The present exemplary embodiment has a structure in which a pair (that is, two) of the protrusions 114 are formed at the slide die 112. However, it is sufficient that these protrusions 114 be a structure that can support the metal core base portion 48 in a state in which a main body portion of the slide die 112 (a portion excluding the protrusions 114) is separated from the flat plate portion 52, and the protrusions 114 are in no way limited in regard to number. There may be one of the protrusions 114, or there may be three or more.

The present exemplary embodiment has a structure in which the flat plate portion 52 (the metal core 42) is supported from the lower die 92 side thereof by the protrusions 114 formed at the slide die 112. As shown in FIG. 9, a structure is possible in which a support piece 116, which serves as an upper side retention body, extends from the slide die 112 toward a face of the flat plate portion 52 at the opposite side thereof from the side at which the protrusions 114 are disposed, and the metal core 42 is retained such that the flat plate portion 52 is sandwiched by the support piece 116 and the protrusions 114.

Further, instead of the support piece 116 extending from the slide die 112 as shown in FIG. 9, as shown in FIG. 10, a structure is possible in which one or a plural number of retention pins 118, which serve as the upper side retention body, is/are formed in the cavity 98 at the upper die 94, toward the flat plate portion 52 side and toward the lower die 92 side. The metal core 42 is retained such that the flat plate portion 52 is sandwiched by the retention pins 118 and the protrusions 114.

Claims

1. A tongue for a seatbelt device, comprising:

a metal core at which an insertion portion is formed continuously from a metal core base portion in which a penetrating hole through which a webbing passes is formed, the insertion portion being insertable into a buckle, and the penetrating hole penetrating in a thickness direction of the metal core base portion;

a molded portion that is formed by the metal core base portion of the metal core being covered with a synthetic resin material at surroundings of the penetrating hole;

a webbing pass-through portion through which the webbing passes, one end of the webbing pass-through portion opening along the thickness direction of the metal core base portion in one face of the molded portion, another end of the webbing pass-through portion opening in an end portion of the molded portion at a side opposite to the insertion portion, and the webbing passing through the inside of the penetrating hole at a penetration direction intermediate portion of the webbing pass-through portion; and

a groove portion formed between the metal core base portion and the webbing pass-through portion, the groove portion opening in the end portion of the molded portion at the side opposite to the insertion portion and opening in an inner periphery face of the webbing pass-through portion.
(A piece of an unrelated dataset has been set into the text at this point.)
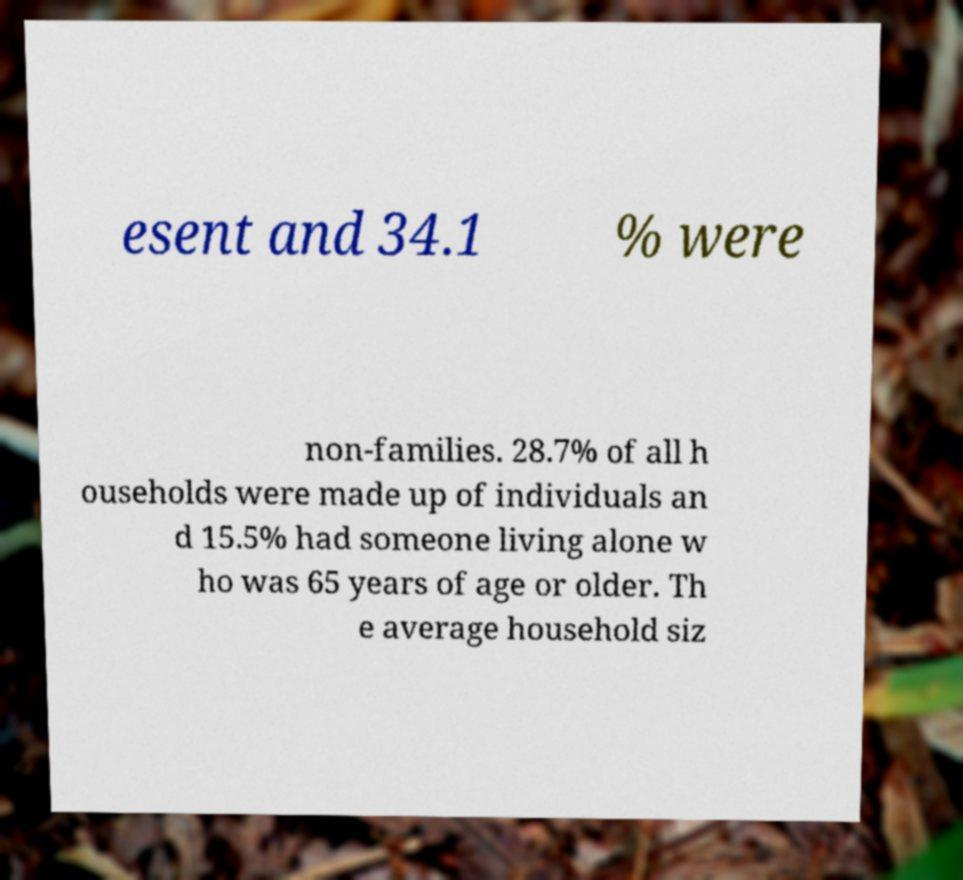Please identify and transcribe the text found in this image. esent and 34.1 % were non-families. 28.7% of all h ouseholds were made up of individuals an d 15.5% had someone living alone w ho was 65 years of age or older. Th e average household siz

2. A method for fabricating a tongue for a seatbelt device, comprising:

covering a metal core base portion of a metal core with a synthetic resin material and forming a molded portion, at which metal core an insertion portion is formed continuously from the metal core base portion, the insertion portion being insertable into a buckle, and a penetrating hole through which a webbing passes being formed in the metal core base portion, the penetrating hole penetrating in a thickness direction of the metal core base portion;

during the forming of the molded portion, forming a webbing pass-through portion through which the webbing passes, by causing a core to enter the penetrating hole from one thickness direction side of the metal core base portion and providing a slide die at the other thickness direction side of the metal core base portion, one end of the webbing pass-through portion opening in one face of the molded portion at the one thickness direction side of the metal core base portion and another end of the webbing pass-through portion opening in an end portion of the molded portion at a side opposite to the insertion portion; and,

during the forming of the molded portion, supporting the metal core base portion with a protrusion that protrudes from a surface at the metal core base portion side of the slide die, and forming a groove portion that opens in the end portion of the molded portion at the side opposite to the insertion portion.